Work to complete
The expected output is a verbatim reprint of the lines from the beginning of the data that follows through the line that contains "1 | 15 | -15 |".

Data extract

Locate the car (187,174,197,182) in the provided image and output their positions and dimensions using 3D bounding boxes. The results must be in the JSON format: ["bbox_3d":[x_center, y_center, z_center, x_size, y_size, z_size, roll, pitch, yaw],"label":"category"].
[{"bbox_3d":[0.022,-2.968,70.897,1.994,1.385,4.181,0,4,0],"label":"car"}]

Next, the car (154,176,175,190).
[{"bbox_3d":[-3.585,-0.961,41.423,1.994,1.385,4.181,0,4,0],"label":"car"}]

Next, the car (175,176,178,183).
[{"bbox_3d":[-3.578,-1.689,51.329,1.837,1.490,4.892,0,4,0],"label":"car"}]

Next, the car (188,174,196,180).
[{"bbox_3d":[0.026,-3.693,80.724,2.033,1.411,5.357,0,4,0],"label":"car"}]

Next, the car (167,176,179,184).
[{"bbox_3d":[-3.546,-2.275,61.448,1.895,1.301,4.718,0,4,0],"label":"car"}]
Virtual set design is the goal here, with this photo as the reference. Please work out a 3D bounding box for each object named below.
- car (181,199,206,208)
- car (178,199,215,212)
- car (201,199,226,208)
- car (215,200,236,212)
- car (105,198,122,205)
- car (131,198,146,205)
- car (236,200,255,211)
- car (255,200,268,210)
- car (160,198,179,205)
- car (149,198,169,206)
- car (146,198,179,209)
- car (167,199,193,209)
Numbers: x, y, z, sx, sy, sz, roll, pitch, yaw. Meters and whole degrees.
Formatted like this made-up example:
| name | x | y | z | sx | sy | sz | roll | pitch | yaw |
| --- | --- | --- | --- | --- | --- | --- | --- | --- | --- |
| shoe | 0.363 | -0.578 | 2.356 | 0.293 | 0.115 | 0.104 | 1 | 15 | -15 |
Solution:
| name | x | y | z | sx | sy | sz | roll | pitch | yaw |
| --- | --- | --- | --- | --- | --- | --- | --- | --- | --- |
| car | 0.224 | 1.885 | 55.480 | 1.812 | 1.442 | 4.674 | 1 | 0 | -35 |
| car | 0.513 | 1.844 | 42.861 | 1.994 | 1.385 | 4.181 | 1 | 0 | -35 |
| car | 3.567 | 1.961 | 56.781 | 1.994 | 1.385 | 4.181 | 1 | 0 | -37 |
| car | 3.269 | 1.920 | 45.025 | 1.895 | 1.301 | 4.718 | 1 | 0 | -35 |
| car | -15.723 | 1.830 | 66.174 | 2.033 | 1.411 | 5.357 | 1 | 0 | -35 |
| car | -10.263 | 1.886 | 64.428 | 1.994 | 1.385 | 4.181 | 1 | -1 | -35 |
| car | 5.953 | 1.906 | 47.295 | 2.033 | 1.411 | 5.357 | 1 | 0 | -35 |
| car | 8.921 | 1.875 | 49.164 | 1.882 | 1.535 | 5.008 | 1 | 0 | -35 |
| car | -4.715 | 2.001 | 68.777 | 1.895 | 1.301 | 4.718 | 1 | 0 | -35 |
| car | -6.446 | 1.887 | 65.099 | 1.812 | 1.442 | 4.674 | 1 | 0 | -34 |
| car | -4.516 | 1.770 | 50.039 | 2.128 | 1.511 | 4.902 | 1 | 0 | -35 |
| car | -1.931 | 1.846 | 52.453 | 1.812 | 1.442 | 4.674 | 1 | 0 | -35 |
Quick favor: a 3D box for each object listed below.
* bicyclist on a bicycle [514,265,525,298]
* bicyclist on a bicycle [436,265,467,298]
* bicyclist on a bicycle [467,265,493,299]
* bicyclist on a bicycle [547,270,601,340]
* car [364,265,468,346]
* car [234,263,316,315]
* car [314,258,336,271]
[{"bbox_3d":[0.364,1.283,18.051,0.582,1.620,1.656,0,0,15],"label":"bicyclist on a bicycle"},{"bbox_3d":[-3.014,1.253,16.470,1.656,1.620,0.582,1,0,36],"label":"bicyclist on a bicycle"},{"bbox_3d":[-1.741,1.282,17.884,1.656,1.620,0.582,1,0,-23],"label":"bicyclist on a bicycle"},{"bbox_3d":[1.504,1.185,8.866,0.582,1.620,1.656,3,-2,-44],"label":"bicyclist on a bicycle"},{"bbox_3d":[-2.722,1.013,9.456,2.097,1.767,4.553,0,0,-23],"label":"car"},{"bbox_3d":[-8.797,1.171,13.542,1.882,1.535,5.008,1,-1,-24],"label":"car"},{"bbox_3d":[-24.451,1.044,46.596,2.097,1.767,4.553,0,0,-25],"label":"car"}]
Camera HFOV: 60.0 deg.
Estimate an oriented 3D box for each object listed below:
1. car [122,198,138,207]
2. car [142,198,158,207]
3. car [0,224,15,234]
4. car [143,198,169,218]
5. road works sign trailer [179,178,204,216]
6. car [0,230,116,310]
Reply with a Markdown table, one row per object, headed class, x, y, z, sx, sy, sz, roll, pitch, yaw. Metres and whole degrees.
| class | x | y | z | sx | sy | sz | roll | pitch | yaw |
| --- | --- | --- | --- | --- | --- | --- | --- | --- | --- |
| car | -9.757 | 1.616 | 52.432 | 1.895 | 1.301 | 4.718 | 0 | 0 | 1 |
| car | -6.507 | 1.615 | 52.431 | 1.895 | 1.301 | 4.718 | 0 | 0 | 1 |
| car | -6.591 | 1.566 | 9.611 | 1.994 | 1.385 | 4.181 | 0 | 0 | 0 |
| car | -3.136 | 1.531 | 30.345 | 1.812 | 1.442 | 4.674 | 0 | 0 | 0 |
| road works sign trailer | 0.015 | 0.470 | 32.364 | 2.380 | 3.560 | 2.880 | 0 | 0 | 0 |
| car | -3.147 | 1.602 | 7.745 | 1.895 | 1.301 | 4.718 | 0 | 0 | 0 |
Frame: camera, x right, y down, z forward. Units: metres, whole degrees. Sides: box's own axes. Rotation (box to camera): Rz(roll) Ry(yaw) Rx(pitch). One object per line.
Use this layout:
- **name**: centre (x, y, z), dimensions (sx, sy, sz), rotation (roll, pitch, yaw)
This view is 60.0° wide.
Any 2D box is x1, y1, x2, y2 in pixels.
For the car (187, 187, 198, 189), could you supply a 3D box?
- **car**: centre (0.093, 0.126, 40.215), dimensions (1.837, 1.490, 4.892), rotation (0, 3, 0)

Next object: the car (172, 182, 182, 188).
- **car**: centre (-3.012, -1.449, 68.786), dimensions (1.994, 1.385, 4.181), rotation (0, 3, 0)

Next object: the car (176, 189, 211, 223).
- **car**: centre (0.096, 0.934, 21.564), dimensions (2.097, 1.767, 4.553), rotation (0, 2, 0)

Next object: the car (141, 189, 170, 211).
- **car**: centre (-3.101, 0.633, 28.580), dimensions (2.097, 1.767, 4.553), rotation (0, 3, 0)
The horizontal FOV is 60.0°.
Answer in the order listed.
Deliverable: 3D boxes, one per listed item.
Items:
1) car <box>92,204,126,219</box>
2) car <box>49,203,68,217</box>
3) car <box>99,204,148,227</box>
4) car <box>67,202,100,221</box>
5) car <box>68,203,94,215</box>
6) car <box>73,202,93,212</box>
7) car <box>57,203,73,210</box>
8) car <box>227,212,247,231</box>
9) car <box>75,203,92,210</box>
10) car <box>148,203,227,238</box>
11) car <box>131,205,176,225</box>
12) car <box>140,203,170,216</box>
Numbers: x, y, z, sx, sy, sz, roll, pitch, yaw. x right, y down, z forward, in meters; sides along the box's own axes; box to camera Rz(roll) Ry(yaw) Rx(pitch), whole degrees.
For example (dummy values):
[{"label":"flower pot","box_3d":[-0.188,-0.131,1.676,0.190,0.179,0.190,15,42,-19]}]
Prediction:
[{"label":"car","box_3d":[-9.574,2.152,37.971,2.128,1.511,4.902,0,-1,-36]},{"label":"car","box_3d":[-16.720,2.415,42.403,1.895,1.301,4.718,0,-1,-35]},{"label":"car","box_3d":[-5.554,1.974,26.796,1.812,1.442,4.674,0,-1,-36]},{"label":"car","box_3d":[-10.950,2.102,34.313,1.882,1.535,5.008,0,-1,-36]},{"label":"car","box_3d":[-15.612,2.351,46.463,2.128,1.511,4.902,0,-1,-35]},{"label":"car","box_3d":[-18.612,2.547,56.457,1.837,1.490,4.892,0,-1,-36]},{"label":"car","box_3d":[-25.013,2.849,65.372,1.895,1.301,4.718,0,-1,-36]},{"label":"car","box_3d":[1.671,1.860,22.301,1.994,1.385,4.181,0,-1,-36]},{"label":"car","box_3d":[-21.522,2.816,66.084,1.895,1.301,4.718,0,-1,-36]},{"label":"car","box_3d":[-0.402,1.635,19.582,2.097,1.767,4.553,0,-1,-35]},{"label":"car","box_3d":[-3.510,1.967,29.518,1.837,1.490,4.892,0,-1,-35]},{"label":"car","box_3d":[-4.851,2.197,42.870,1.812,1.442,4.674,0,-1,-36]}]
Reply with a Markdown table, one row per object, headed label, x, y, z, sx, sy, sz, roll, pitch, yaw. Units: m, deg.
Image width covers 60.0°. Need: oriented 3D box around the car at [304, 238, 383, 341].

Written solution
Locate the car (187,174,197,182) in the provided image and output their positions and dimensions using 3D bounding boxes. The results must be in the JSON format: ["bbox_3d":[x_center, y_center, z_center, x_size, y_size, z_size, roll, pitch, yaw],"label":"category"].
[{"bbox_3d":[0.022,-2.968,70.897,1.994,1.385,4.181,0,4,0],"label":"car"}]

Next, the car (154,176,175,190).
[{"bbox_3d":[-3.585,-0.961,41.423,1.994,1.385,4.181,0,4,0],"label":"car"}]

Next, the car (175,176,178,183).
[{"bbox_3d":[-3.578,-1.689,51.329,1.837,1.490,4.892,0,4,0],"label":"car"}]

Next, the car (188,174,196,180).
[{"bbox_3d":[0.026,-3.693,80.724,2.033,1.411,5.357,0,4,0],"label":"car"}]

Next, the car (167,176,179,184).
[{"bbox_3d":[-3.546,-2.275,61.448,1.895,1.301,4.718,0,4,0],"label":"car"}]
Virtual set design is the goal here, with this photo as the reference. Please work out a 3D bounding box for each object named below.
- car (181,199,206,208)
- car (178,199,215,212)
- car (201,199,226,208)
- car (215,200,236,212)
- car (105,198,122,205)
- car (131,198,146,205)
- car (236,200,255,211)
- car (255,200,268,210)
- car (160,198,179,205)
- car (149,198,169,206)
- car (146,198,179,209)
- car (167,199,193,209)
Numbers: x, y, z, sx, sy, sz, roll, pitch, yaw. Meters and whole degrees.
Formatted like this made-up example:
| name | x | y | z | sx | sy | sz | roll | pitch | yaw |
| --- | --- | --- | --- | --- | --- | --- | --- | --- | --- |
| shoe | 0.363 | -0.578 | 2.356 | 0.293 | 0.115 | 0.104 | 1 | 15 | -15 |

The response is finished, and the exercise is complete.